HubSpot Marketing Attribution: A Forward Step or a Backward One?
Accurate marketing attribution – figuring out exactly which marketing investments are driving revenue, and by how much – is the Holy Grail for marketers. Armed with accurate data, they can claim, as politicians often do, ‘to be guided by the science’. If they can link marketing investment directly to revenue by referencing that science, it’s a strong argument when pitching for marketing budgets.
But, as we’ve seen during these pandemic days, ‘the science’ is not always right. Data models fail when fed with inaccurate data. And artificial intelligence algorithms reach misleading conclusions if they’re founded upon false assumptions. That’s why to date, marketers are failing to find the value they expect from marketing data in general and marketing attribution platforms in particular.
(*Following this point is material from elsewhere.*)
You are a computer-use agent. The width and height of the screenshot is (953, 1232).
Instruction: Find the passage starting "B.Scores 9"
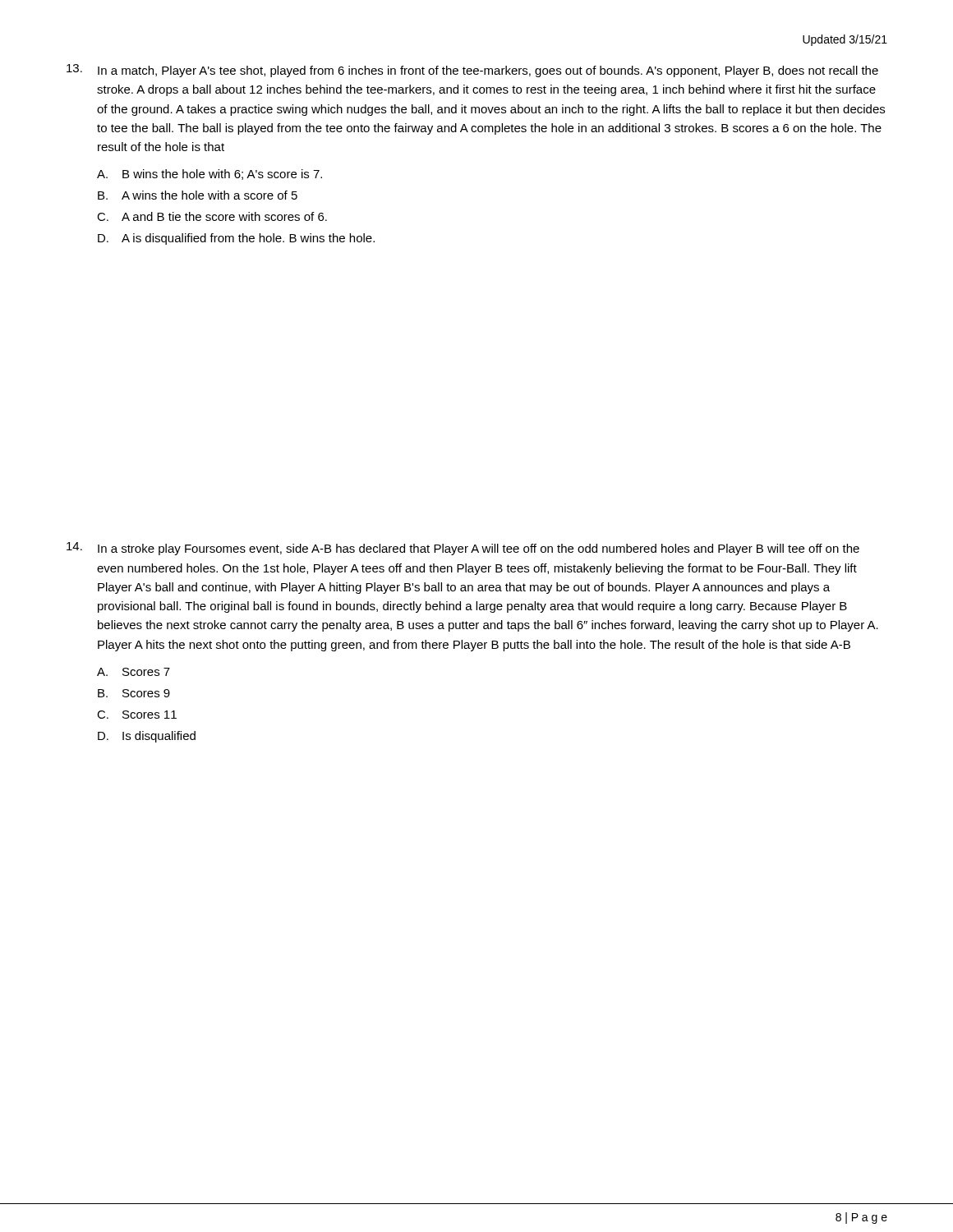pos(134,693)

Analyst firm, Gartner, sub-titled its ‘Marketing Data and Analytics Survey 2020’, “Optimism persists as results fall short of expectation.” And QueryClicks’s June 2019 survey of 200 marketers in the retail industry confirmed that disappointment is rife regarding marketing attribution. Its report, dubbed ‘Attribution: Digital Marketing’s Broken Promise’, revealed that:
So, when HubSpot, the company behind a sales and marketing platform that claimed to have 73,483 customers in over 100 countries as of December 31, 2019, announced its marketing attribution module, it seemed to be worth a look. Here’s what we found.
What does HubSpot’s marketing attribution module do?
First, a little background. HubSpot consists of four main modules:
- a marketing automation hub
- a sales hub or CRM
- a customer service hub
- a content management hub.
The first three are offered with both free and paid plans, the last one only comes in a paid version.
Marketing attribution is part of HubSpot’s custom reporting functionality. The technique it employs is called ‘Multi-touch Revenue Attribution’, which means that it doesn’t just allocate all revenue to the last click that leads to a conversion. A conversion is marketing jargon for someone placing an order or taking some other desired action, perhaps completing an online form to access a PDF document for download. The action can be from an existing customer or a new one.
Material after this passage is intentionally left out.